Birleşik Kamu-İş’e bağlı Büro-İş Sendikası Genel Başkanı Alay Hamzaçebi, bakanın kendileri için kullandığı “merdiven altı” ifadesinin “facia” olduğunu söyledi. Bakanı bu “rencide edici” ifadesi nedeniyle şiddetle kınadıklarını belirterek ikramiye ayrımının ise anayasaya aykırı olduğunu kaydetti.

KİM NE DEDİ?

MEMUR-SEN MUTLU KESK İŞ BIRAKACAK

Toplusözleşmeyi yalnızca imzayı atan Memur-Sen olumlu buldu. Diğer konfederasyonlar anlaşmayı eleştirdi. Değerlendirmeler şöyle:

- Memur-Sen: Bütçeden hakkımızı, refahtan payımızı aldık. Maaş ve ücretlerde yüzde 26’lık bir artış sağladık. İdari hizmet sözleşmeli sendikalı en düşük memur maaşını yüzde 37 yükselttik. 

- Türkiye Kamu-Sen: Geçmiş dönemlere kıyasla daha fazla kazanım elde edilmiş olsa da özellikle refah payı ve seyyanen zam başta olmak üzere kırmızı çizgi olarak gördüğümüz ekonomik taleplerimizi karşılamaktan uzak kalan bu toplusözleşmenin yetersiz olduğunu düşünmekteyiz. 

- KESK: Kapalı kapılar ardında yapılan görüşmelerin ürünü mutabakatın adı “ölümü gösterip sıtmaya razı etme mutabakatıdır.” 2 yıl için toplamda yüzde 67.2 maaş artışı teklif eden ‘yetkili’ konfederasyon toplamda yüzde 26 oranına imza atmıştır. Tüm kamu emekçilerini üretimden gelen gücümüzü kullanmaya, 27 Ağustos 2021 Cuma günü bir günlük “hizmet üretmeme” eylemine katılmaya çağırıyoruz.

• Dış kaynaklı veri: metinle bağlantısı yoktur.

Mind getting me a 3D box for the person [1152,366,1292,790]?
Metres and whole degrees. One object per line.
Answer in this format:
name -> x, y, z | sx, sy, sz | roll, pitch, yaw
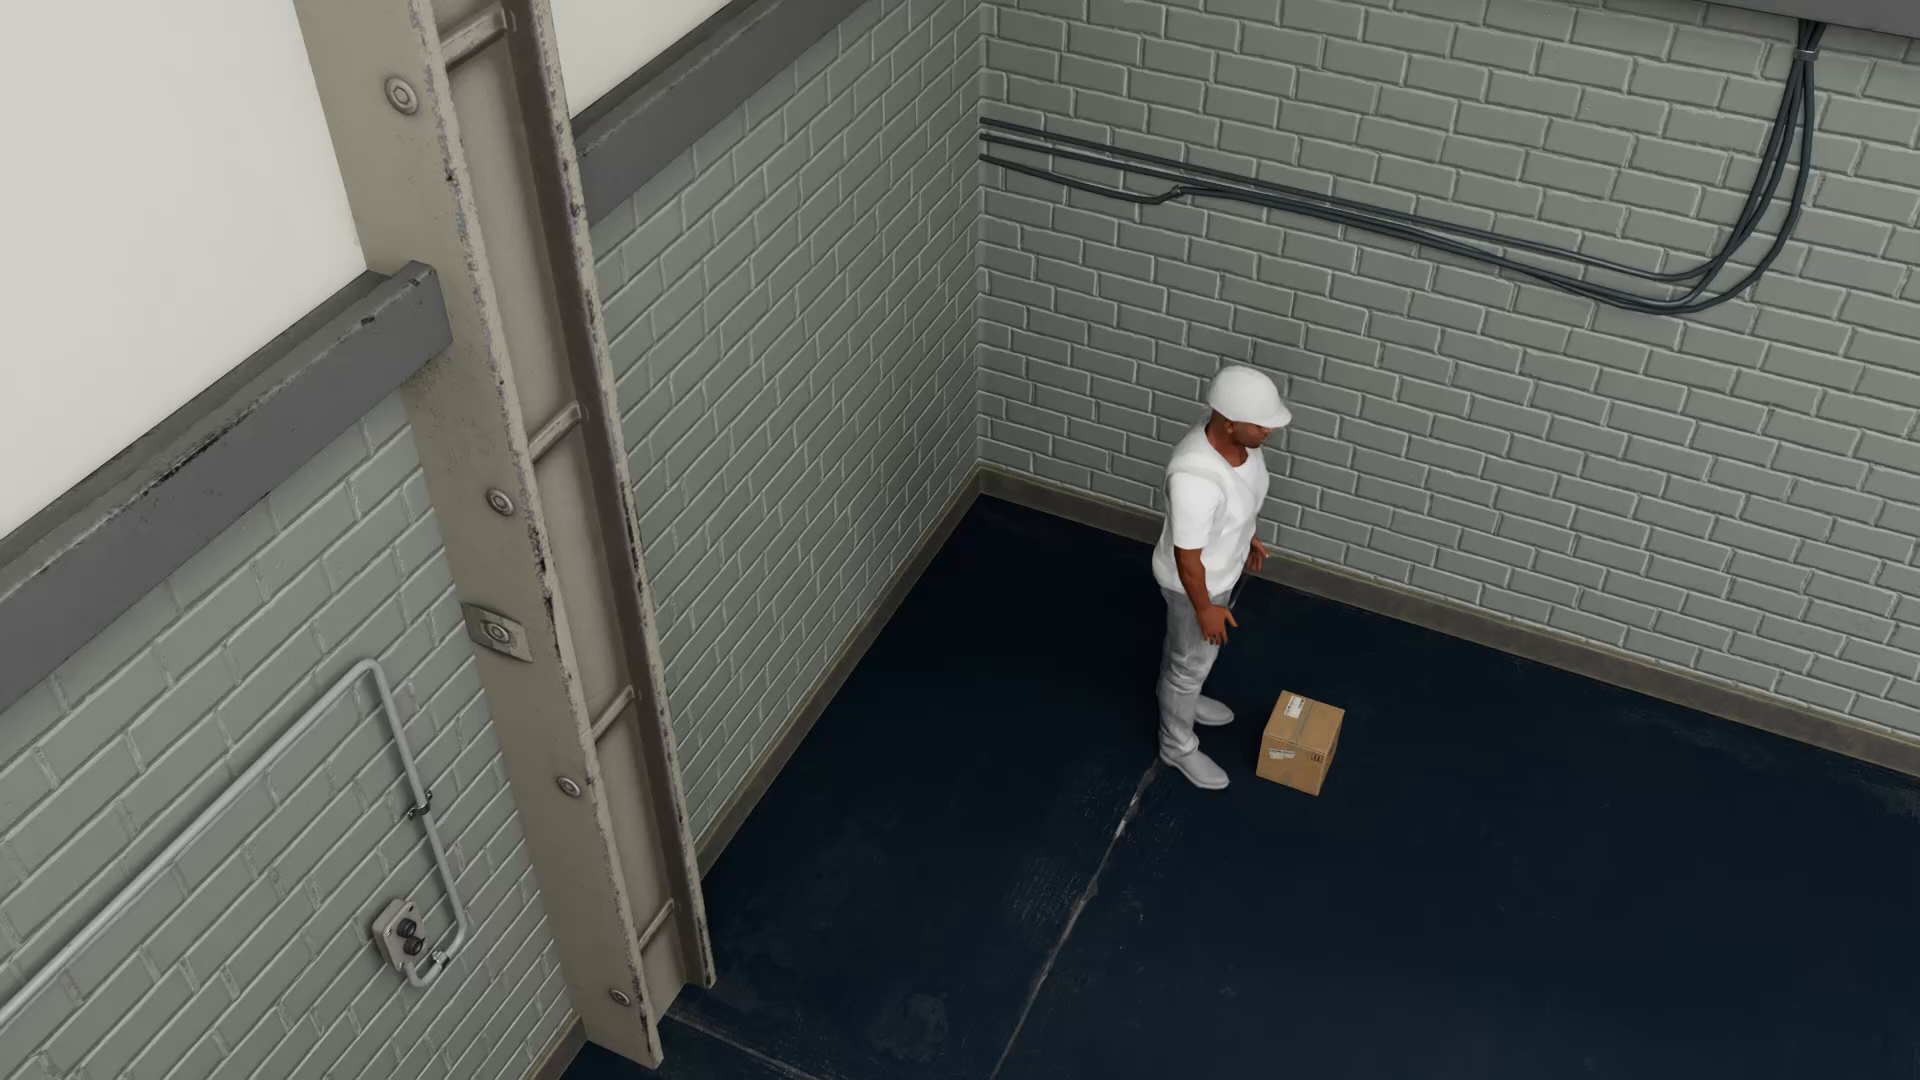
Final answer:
person -> 0.932, 0.104, 6.062 | 0.437, 1.777, 0.574 | 18, 45, 19

- Birleşik Kamu-İş: Emekçiler açlığa ve sefalete mahkûm edildi. Şiddetle reddediyoruz. AKP, bu zam oranlarıyla alay etmiştir. Memur-Sen yine AKP’nin çıkarlarını gözetmiştir. Kamu emekçilerine yüzdelik dilimlerle ücretli kölelik koşulları dayatıldı. 

- BASK: Sözleşmedeki hükümleri yargıya taşıyacağımızı, başta ILO olmak üzere uluslararası kuruluşlar nezdinde girişimde bulunacağımızı ilan ediyoruz.